What this task involves:
Print the listing once more, exactly as written.

Given data:
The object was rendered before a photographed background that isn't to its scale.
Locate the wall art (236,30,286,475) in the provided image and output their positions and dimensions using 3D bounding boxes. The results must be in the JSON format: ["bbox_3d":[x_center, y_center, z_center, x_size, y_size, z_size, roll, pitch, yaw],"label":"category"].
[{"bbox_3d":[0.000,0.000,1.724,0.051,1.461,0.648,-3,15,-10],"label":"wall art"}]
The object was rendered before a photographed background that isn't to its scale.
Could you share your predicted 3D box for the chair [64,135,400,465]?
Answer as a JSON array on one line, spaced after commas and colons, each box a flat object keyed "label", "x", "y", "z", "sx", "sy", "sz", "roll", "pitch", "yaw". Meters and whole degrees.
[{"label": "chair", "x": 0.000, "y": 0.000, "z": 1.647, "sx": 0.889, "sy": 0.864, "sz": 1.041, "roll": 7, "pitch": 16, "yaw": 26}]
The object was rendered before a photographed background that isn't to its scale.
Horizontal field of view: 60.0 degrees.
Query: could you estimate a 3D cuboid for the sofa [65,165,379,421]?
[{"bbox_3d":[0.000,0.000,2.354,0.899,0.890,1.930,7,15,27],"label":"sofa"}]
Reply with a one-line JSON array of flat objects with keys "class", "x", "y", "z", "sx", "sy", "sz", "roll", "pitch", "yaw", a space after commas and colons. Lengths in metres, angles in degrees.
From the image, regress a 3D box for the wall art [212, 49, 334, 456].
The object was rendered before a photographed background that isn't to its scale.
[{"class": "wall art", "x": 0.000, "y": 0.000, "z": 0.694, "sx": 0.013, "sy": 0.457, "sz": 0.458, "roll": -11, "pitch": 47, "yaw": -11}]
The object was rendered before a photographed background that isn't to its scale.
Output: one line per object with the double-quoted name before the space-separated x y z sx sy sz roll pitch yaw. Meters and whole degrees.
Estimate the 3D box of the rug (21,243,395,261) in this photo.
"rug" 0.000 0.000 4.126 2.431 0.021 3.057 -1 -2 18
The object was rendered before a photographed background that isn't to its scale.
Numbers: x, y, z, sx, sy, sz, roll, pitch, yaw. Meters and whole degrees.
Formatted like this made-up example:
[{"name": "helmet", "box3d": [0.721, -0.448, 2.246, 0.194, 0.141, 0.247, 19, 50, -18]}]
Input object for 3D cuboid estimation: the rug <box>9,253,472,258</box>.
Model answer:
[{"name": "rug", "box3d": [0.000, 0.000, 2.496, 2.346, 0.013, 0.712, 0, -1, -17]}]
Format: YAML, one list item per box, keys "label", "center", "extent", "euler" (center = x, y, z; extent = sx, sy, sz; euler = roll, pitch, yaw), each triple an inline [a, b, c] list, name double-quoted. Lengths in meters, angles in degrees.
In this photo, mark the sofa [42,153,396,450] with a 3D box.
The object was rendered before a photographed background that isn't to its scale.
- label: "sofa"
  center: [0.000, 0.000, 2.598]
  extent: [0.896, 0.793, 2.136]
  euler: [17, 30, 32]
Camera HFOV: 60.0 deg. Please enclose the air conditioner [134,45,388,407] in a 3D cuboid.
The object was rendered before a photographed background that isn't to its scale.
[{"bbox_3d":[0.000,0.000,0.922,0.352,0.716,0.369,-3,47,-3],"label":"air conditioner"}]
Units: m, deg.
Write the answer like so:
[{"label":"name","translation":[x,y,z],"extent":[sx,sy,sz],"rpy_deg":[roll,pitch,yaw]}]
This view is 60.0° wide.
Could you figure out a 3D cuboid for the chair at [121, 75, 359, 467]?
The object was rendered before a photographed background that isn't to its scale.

Exercise result:
The object was rendered before a photographed background that isn't to its scale.
Locate the wall art (236,30,286,475) in the provided image and output their positions and dimensions using 3D bounding boxes. The results must be in the JSON format: ["bbox_3d":[x_center, y_center, z_center, x_size, y_size, z_size, roll, pitch, yaw],"label":"category"].
[{"bbox_3d":[0.000,0.000,1.724,0.051,1.461,0.648,-3,15,-10],"label":"wall art"}]
The object was rendered before a photographed background that isn't to its scale.
Could you share your predicted 3D box for the chair [64,135,400,465]?
Answer as a JSON array on one line, spaced after commas and colons, each box a flat object keyed "label", "x", "y", "z", "sx", "sy", "sz", "roll", "pitch", "yaw". Meters and whole degrees.
[{"label": "chair", "x": 0.000, "y": 0.000, "z": 1.647, "sx": 0.889, "sy": 0.864, "sz": 1.041, "roll": 7, "pitch": 16, "yaw": 26}]
The object was rendered before a photographed background that isn't to its scale.
Horizontal field of view: 60.0 degrees.
Query: could you estimate a 3D cuboid for the sofa [65,165,379,421]?
[{"bbox_3d":[0.000,0.000,2.354,0.899,0.890,1.930,7,15,27],"label":"sofa"}]
Reply with a one-line JSON array of flat objects with keys "class", "x", "y", "z", "sx", "sy", "sz", "roll", "pitch", "yaw", a space after commas and colons. Lengths in metres, angles in degrees.
From the image, regress a 3D box for the wall art [212, 49, 334, 456].
The object was rendered before a photographed background that isn't to its scale.
[{"class": "wall art", "x": 0.000, "y": 0.000, "z": 0.694, "sx": 0.013, "sy": 0.457, "sz": 0.458, "roll": -11, "pitch": 47, "yaw": -11}]
The object was rendered before a photographed background that isn't to its scale.
Output: one line per object with the double-quoted name before the space-separated x y z sx sy sz roll pitch yaw. Meters and whole degrees.
Estimate the 3D box of the rug (21,243,395,261) in this photo.
"rug" 0.000 0.000 4.126 2.431 0.021 3.057 -1 -2 18
The object was rendered before a photographed background that isn't to its scale.
Numbers: x, y, z, sx, sy, sz, roll, pitch, yaw. Meters and whole degrees.
Formatted like this made-up example:
[{"name": "helmet", "box3d": [0.721, -0.448, 2.246, 0.194, 0.141, 0.247, 19, 50, -18]}]
Input object for 3D cuboid estimation: the rug <box>9,253,472,258</box>.
Model answer:
[{"name": "rug", "box3d": [0.000, 0.000, 2.496, 2.346, 0.013, 0.712, 0, -1, -17]}]
Format: YAML, one list item per box, keys "label", "center", "extent", "euler" (center = x, y, z; extent = sx, sy, sz; euler = roll, pitch, yaw), each triple an inline [a, b, c] list, name double-quoted. Lengths in meters, angles in degrees.
In this photo, mark the sofa [42,153,396,450] with a 3D box.
The object was rendered before a photographed background that isn't to its scale.
- label: "sofa"
  center: [0.000, 0.000, 2.598]
  extent: [0.896, 0.793, 2.136]
  euler: [17, 30, 32]
Camera HFOV: 60.0 deg. Please enclose the air conditioner [134,45,388,407] in a 3D cuboid.
The object was rendered before a photographed background that isn't to its scale.
[{"bbox_3d":[0.000,0.000,0.922,0.352,0.716,0.369,-3,47,-3],"label":"air conditioner"}]
Units: m, deg.
Write the answer like so:
[{"label":"name","translation":[x,y,z],"extent":[sx,sy,sz],"rpy_deg":[roll,pitch,yaw]}]
This view is 60.0° wide.
Could you figure out a 3D cuboid for the chair at [121, 75, 359, 467]?
The object was rendered before a photographed background that isn't to its scale.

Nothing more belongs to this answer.